The CCC system has some components in common with the C-4 system, although they are not interchangeable. These components include the Electronic Control Module (ECM), which, as previously stated, controls many more functions than does its predecessor, an oxygen sensor system, an electronically controlled variable-mixture carburetor, a three-way catalytic converter, throttle position and coolant sensors, a Barometric Pressure Sensor (BARO), a Manifold Absolute Pressure Sensor (MAP) and a "Check Engine" light in the instrument panel.

Components unique to the CCC system include the Air Injection Reaction (AIR) management system, a charcoal canister purge solenoid, EGR valve controls, a vehicle speed sensor (in the instrument panel), a transmission converter clutch solenoid (only on models with automatic transaxle), idle speed control and Electronic Spark Control (ESC).

The ECM, in addition to monitoring sensors and sending out a control signal to the carburetor, also controls the following components or sub-systems: charcoal canister purge control, the AIR system, idle speed, automatic transaxle converter lock-up, distributor ignition timing, the EGR valve, and the air conditioner converter clutch.

The EGR valve control solenoid is activated by the ECM in a fashion similar to that of the charcoal canister purge solenoid described earlier in this section. When the engine is cold, the ECM energizes the solenoid, which blocks the vacuum signal to the EGR valve. When the engine is warm, the ECM de-energizes the solenoid and the vacuum signal is allowed to reach and then activate the EGR valve.

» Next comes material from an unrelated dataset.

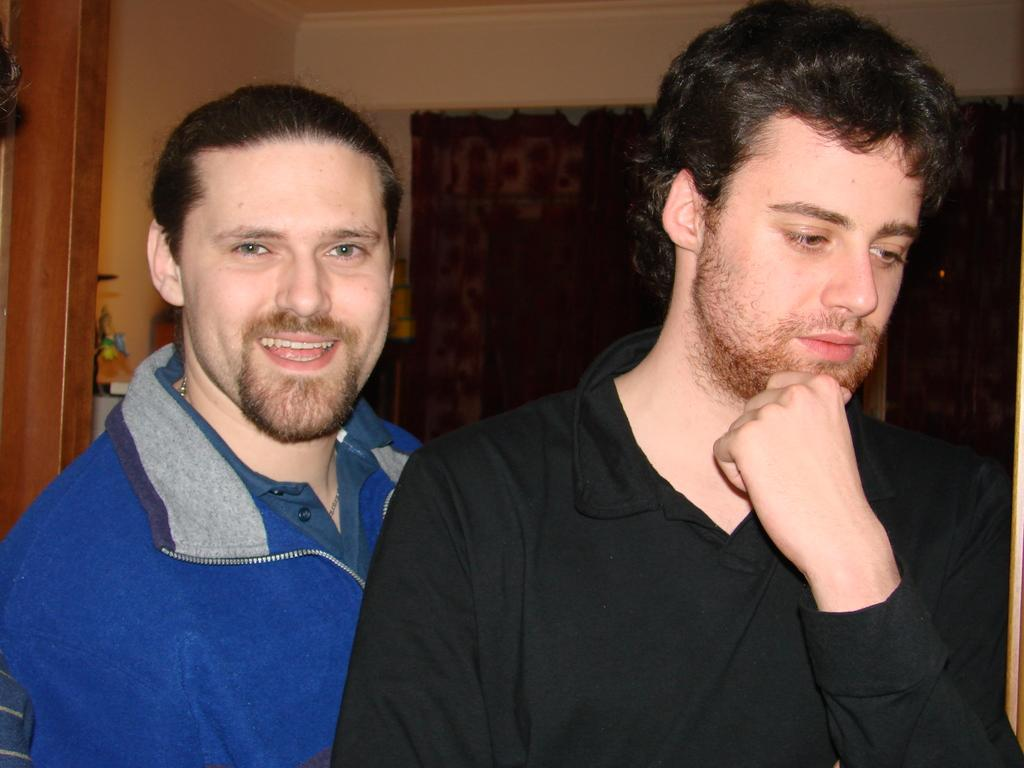How many people are present in the image? There are two people in the image. What can be seen in the background of the image? There is a wall in the background of the image. What type of wine is the friend holding in the image? There is no wine or friend present in the image; it features two people and a wall in the background. 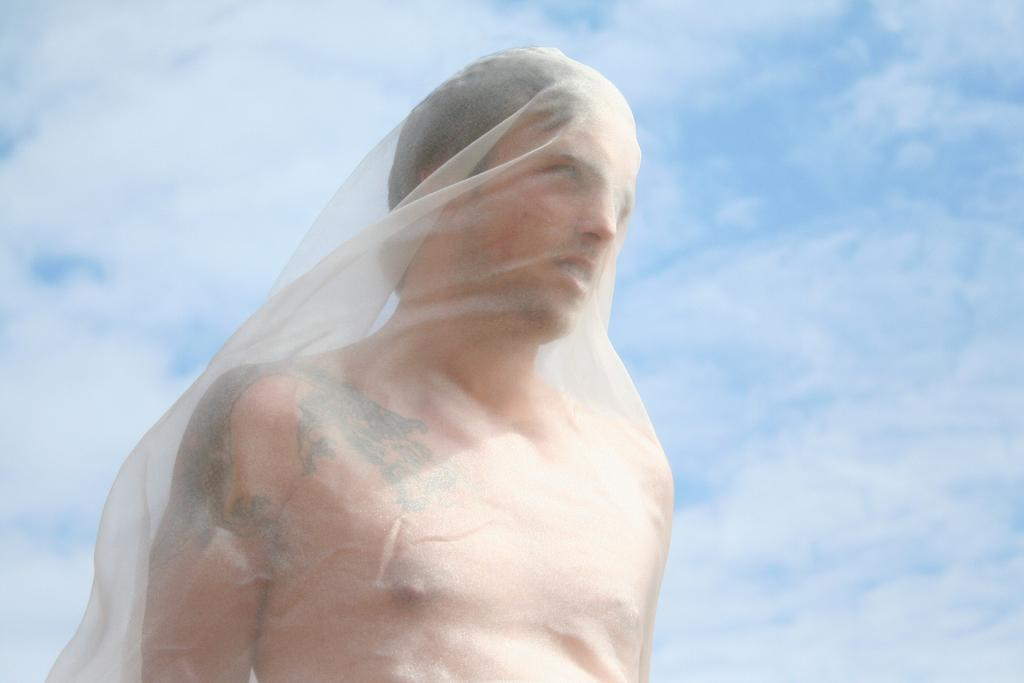Who is present in the image? There is a man in the image. What is the man wearing or holding in the image? The man has a cloth on him. What can be seen in the background of the image? There are clouds visible in the background of the image. What level of lead is present in the man's blood, as indicated by the image? The image does not provide any information about the man's blood lead levels.

The Transmission Converter Clutch (TCC) lock is controlled by the ECM through an electrical solenoid in the automatic transaxle. When the vehicle speed sensor in the dash signals the ECM that the car has attained the pre-determined speed, the ECM energizes the solenoid which then allows the torque converter to mechanically couple the engine to the transaxle. When the brake pedal is pushed, or during deceleration or passing, etc., the ECM returns the transaxle to fluid drive.

The idle speed control adjusts the idle speed to all particular engine load conditions and will lower the idle under no-load or low-load conditions in order to conserve fuel.